A veces consigues que tu cerebro haga conexión, a veces tus pasos dejan de ser erráticos y consigues que obedezcan a algún propósito. A veces, te acercas a esos cristales y ves a las otras Adrianas, los maniquíes hechos a tu medida, vestidas todas de formas distintas y con los ojos en blanco, estáticas y frágiles, todas y ninguna tú. Acaricias la barrera invisible y apoyas tu frente contra ella, y pasas horas observándolas y esperando que alguna se mueva, estás convencida que si pudieras tocarlas cobrarían vida y harían lo que tú quisieras. Pero eso también te da miedo, y huyes y te escondes.
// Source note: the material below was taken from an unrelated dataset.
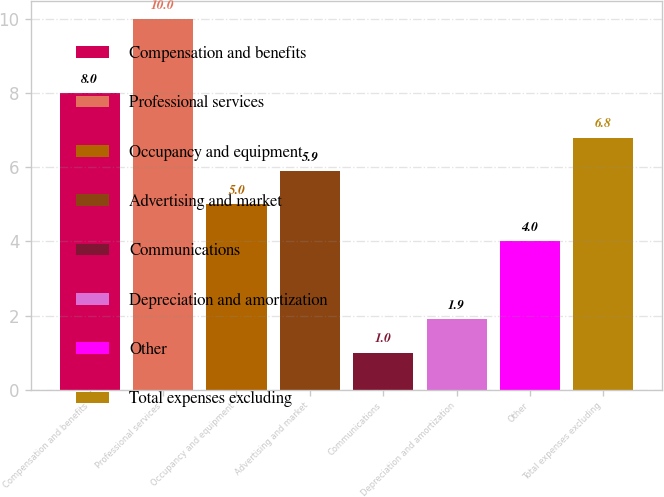<chart> <loc_0><loc_0><loc_500><loc_500><bar_chart><fcel>Compensation and benefits<fcel>Professional services<fcel>Occupancy and equipment<fcel>Advertising and market<fcel>Communications<fcel>Depreciation and amortization<fcel>Other<fcel>Total expenses excluding<nl><fcel>8<fcel>10<fcel>5<fcel>5.9<fcel>1<fcel>1.9<fcel>4<fcel>6.8<nl></chart>

Pero esta vez alguien se ha dado cuenta de que estabas ahí y te ha reconocido, y esta vez no hay salida, Adriana, esta vez el hombre gordo se va a asegurar de que Mateo haga lo que tiene que hacer.

*

Te alegras de ver a Mateo.

Tu mente licuada ha olvidado que aquel día no te ayudó a colocarte la ropa. Metió los dedos en tu herida y tiró de sus límites para abrirla, sonrió mientras te oía aullar, te golpeó y te arrastró a un callejón esperando que murieras, sabiendo que si llegabas a recuperarte no serías capaz de explicarte, sabiendo que a nadie le importa el destino de una vagabunda enferma, habiéndote encontrado viviendo en la calle él mismo, utilizando tus formas perfectas y luego deshaciéndose de ti.

Pero Mateo ha vuelto a por ti, y sabiéndote animal agita la comida delante de tu cara, y siendo un animal te lanzas a por ella.

- Las chicas guapas como tú no deberían volverse locas... – dice, mientras engulles la comida.

Extiende su mano y acaricia tu cabeza. Entierra sus dedos entre tus cabellos sucios, los desliza siguiendo la forma de tu pequeño cráneo y termina por cerrarlos en una garra, retiene la mata rubia y tira de ella hasta obligarte a extender el cuello y hacer contacto visual. Mientras se entretiene en delimitar con su mirada las cejas, la nariz, los labios perfectos, te clava el cuchillo entre las costillas, justo en el corazón, y un pequeño río de sangre se desliza por la comisura de tu boca, y cuando él suelta su risa cruel, la comisura se contrae y el resto de tu cara se desdibuja en un símbolo de interrogación, y todo se vuelve negro.